Originally published by the High Confidence Software and Systems Conference
High Confidence Software and Systems Conference, Annapolis, MD, May 6-8, 2024
Authors:
Adam Seitz, Jonathan Dorn, Zak Fry
Abstract:
Containerization is an increasingly popular method for enhancing portability and reliability in commercial and governmental deployments. Containerized environments are often built using baseline images (e.g., common Linux distributions) with required dependencies installed for the target software packages (e.g., Python tooling, database infrastructure, web frontends). Depending on the capabilities required, the resulting container images often contain bloat – software, libraries, and other files that do not support the stated mission for a given deployment. Bloat can result from the need to provide widely applicable baseline containers for varied domains coupled with the high effort associated with manually optimizing a container for a given deployment. This bloat represents unnecessary attack surfaces (e.g., for living-off-the-land attacks), spurious static analysis vulnerability results to triage, and overhead when transmitting, maintaining, and using these images.
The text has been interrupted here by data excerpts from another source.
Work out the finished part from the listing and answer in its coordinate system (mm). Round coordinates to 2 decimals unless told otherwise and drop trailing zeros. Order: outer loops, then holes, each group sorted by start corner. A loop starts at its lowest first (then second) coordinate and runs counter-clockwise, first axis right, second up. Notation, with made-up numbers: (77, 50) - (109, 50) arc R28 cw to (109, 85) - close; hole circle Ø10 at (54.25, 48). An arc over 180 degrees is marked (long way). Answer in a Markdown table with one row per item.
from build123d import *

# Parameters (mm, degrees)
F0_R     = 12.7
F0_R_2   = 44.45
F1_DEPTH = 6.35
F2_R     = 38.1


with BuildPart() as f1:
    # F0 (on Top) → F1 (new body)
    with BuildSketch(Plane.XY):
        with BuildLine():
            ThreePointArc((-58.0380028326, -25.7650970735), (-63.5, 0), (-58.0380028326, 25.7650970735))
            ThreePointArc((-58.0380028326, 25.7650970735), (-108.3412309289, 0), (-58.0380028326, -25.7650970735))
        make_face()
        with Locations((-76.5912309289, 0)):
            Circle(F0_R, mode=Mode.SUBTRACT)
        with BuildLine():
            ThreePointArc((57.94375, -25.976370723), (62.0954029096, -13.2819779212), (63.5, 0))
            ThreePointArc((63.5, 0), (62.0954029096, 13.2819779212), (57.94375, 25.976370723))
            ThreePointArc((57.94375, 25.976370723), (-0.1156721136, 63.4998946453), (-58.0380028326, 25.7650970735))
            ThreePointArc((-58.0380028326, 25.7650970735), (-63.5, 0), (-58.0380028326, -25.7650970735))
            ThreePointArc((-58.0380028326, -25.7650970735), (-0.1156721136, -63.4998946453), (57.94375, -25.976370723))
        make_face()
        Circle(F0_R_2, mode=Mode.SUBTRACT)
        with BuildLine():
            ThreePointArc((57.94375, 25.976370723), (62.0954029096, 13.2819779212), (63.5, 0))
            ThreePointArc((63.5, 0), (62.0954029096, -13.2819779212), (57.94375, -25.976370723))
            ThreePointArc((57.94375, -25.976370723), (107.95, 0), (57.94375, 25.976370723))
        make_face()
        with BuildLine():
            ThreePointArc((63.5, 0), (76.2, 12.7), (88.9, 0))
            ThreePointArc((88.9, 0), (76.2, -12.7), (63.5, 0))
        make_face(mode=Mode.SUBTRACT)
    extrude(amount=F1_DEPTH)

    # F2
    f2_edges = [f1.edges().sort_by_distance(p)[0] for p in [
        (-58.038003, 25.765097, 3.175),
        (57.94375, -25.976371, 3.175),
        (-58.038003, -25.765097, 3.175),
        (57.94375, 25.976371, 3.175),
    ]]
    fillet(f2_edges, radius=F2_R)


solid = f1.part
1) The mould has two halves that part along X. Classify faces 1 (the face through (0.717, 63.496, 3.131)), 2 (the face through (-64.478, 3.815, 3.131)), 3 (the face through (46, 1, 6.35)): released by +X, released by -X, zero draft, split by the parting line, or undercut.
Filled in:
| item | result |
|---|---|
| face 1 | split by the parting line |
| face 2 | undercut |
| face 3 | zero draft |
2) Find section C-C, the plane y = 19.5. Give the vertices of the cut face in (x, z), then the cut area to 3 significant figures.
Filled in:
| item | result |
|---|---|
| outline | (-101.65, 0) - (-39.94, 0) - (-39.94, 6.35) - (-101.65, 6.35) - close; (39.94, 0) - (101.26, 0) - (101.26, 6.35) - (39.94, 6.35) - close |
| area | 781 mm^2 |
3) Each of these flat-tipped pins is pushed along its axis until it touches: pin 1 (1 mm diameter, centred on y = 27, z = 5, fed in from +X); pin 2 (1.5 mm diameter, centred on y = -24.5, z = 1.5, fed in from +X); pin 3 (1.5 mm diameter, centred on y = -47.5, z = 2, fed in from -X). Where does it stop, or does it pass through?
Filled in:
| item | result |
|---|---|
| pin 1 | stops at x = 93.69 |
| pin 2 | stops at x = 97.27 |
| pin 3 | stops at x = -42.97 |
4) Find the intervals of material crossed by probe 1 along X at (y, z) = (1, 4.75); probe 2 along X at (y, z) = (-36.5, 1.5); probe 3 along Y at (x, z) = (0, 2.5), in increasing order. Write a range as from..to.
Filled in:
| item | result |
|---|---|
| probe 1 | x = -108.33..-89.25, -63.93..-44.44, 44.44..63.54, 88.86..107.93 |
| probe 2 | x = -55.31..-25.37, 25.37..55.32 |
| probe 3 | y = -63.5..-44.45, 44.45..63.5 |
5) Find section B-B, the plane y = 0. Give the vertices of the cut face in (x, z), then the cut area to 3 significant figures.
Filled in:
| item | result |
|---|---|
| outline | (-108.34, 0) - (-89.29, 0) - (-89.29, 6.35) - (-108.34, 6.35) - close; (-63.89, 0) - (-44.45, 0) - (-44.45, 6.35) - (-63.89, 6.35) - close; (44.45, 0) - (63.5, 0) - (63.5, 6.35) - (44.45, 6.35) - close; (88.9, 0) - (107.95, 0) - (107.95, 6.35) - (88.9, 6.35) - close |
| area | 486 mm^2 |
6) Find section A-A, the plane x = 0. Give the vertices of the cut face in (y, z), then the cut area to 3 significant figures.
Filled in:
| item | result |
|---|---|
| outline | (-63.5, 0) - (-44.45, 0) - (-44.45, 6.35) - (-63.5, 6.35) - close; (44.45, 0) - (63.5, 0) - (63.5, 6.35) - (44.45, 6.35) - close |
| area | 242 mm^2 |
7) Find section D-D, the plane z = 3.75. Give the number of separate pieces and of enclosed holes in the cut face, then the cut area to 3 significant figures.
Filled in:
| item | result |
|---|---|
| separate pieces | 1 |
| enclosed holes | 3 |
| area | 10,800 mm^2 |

To solve this problem, we introduce DYKONDO (DYnamic KONtainer Debloater/Optimizer) and describe our experiences developing and using this tool to transform deployment-specific commercial and governmental containers. DYKONDO takes as input a container and a deployment-specific runtime scenario (e.g., a test suite) and uses dynamic analysis to track exactly the files used during intended deployment executions, removing all other files to reduce bloat. The tooling is designed to be run in continuous integration (CI) environments as a post-build step, rewriting a standard image built by Docker, Podman, or Buildah and automatically filtering files not accessed in the trace data.
We have evaluated DYKONDO on a diverse set of popular open-source images. For instance, DYKONDO reduces the size of Grafana OnCall’s Python-based backend image by 87% when using its supplied test suite. Examining the official images for the popular database PostgreSQL, DYKONDO reduces their sizes by up to 44% using the project’s regression test suite; even the pre-optimized Alpine-based version of the image can be reduced in size by 16%. DYKONDO runtime is typically dominated by tracing via the supplied test suite – we observed the debloating logistics executing in about a minute, in practice.
We found that DYKONDO correctly removes only spurious files: most are utilities included in baseline images for general applicability, but not used for individual intended deployments. For example, the set of debloated files often contains package managers’ files that are not strictly required in resource constrained environments, such as caches, package indexes, and configuration data of considerable size that can be tedious to clean up manually (and thus are often left behind in practice).
Application code comprises the largest remaining portion of our images. As future work, we plan to integrate intra-file debloating strategies for this application code.
DISTRIBUTION STATEMENT A. Approved for public release: distribution unlimited. Approved, DCN# 0543-1381-24.
This material is based upon work supported by the Office of Naval Research under Contract No. N00014-21-C-1032. Any opinions, findings and conclusions or recommendations expressed in this material are those of the author(s) and do not necessarily reflect the views of the Office of Naval Research.